Print, in exact form, the lines below from the one containing "Answer: Hilton Worldwide" through the one containing "Answer: Choice Hotels", and omit all others.

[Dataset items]
======
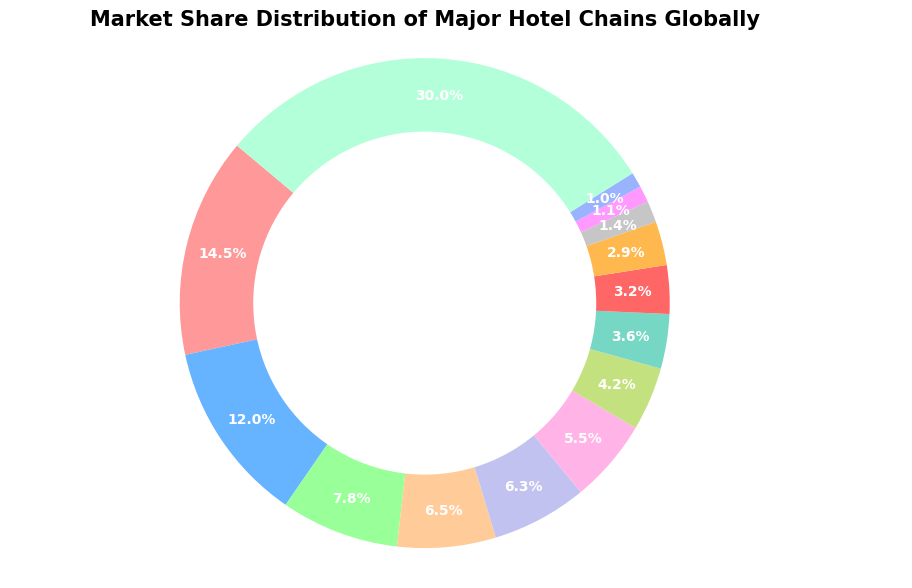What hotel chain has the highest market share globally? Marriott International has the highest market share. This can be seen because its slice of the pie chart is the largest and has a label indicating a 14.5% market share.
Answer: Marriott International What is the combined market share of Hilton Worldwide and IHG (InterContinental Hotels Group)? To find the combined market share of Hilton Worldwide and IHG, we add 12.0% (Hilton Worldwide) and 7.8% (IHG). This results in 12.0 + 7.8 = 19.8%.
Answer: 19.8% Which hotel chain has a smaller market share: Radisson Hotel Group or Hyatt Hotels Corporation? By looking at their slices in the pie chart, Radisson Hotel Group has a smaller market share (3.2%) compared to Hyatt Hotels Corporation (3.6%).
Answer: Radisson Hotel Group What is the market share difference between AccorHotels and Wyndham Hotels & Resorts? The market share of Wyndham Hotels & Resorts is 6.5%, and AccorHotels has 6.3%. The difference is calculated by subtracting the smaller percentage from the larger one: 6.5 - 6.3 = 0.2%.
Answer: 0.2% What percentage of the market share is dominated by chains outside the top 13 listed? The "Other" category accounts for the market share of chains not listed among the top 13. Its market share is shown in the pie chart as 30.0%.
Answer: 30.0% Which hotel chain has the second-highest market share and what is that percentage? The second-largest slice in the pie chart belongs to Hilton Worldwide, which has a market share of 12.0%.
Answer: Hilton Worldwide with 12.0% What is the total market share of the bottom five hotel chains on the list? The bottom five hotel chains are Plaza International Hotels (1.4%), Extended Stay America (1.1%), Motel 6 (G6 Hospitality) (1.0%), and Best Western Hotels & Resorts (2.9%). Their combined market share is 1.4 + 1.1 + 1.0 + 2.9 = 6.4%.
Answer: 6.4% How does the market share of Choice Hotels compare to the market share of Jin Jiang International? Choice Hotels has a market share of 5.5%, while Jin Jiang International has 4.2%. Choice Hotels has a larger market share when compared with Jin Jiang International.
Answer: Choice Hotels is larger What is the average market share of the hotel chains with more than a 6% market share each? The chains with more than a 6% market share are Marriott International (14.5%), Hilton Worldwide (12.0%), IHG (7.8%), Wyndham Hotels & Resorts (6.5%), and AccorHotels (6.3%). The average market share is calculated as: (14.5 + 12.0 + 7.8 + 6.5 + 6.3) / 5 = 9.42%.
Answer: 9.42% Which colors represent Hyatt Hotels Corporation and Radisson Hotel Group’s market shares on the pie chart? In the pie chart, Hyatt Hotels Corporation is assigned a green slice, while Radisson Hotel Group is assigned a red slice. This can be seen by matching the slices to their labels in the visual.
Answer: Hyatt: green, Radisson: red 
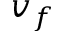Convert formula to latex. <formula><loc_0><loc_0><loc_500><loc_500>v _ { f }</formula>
======
### COMPLETED EXERCISE
Answer: Hilton Worldwide with 12.0% What is the total market share of the bottom five hotel chains on the list? The bottom five hotel chains are Plaza International Hotels (1.4%), Extended Stay America (1.1%), Motel 6 (G6 Hospitality) (1.0%), and Best Western Hotels & Resorts (2.9%). Their combined market share is 1.4 + 1.1 + 1.0 + 2.9 = 6.4%.
Answer: 6.4% How does the market share of Choice Hotels compare to the market share of Jin Jiang International? Choice Hotels has a market share of 5.5%, while Jin Jiang International has 4.2%. Choice Hotels has a larger market share when compared with Jin Jiang International.
Answer: Choice Hotels is larger What is the average market share of the hotel chains with more than a 6% market share each? The chains with more than a 6% market share are Marriott International (14.5%), Hilton Worldwide (12.0%), IHG (7.8%), Wyndham Hotels & Resorts (6.5%), and AccorHotels (6.3%). The average market share is calculated as: (14.5 + 12.0 + 7.8 + 6.5 + 6.3) / 5 = 9.42%.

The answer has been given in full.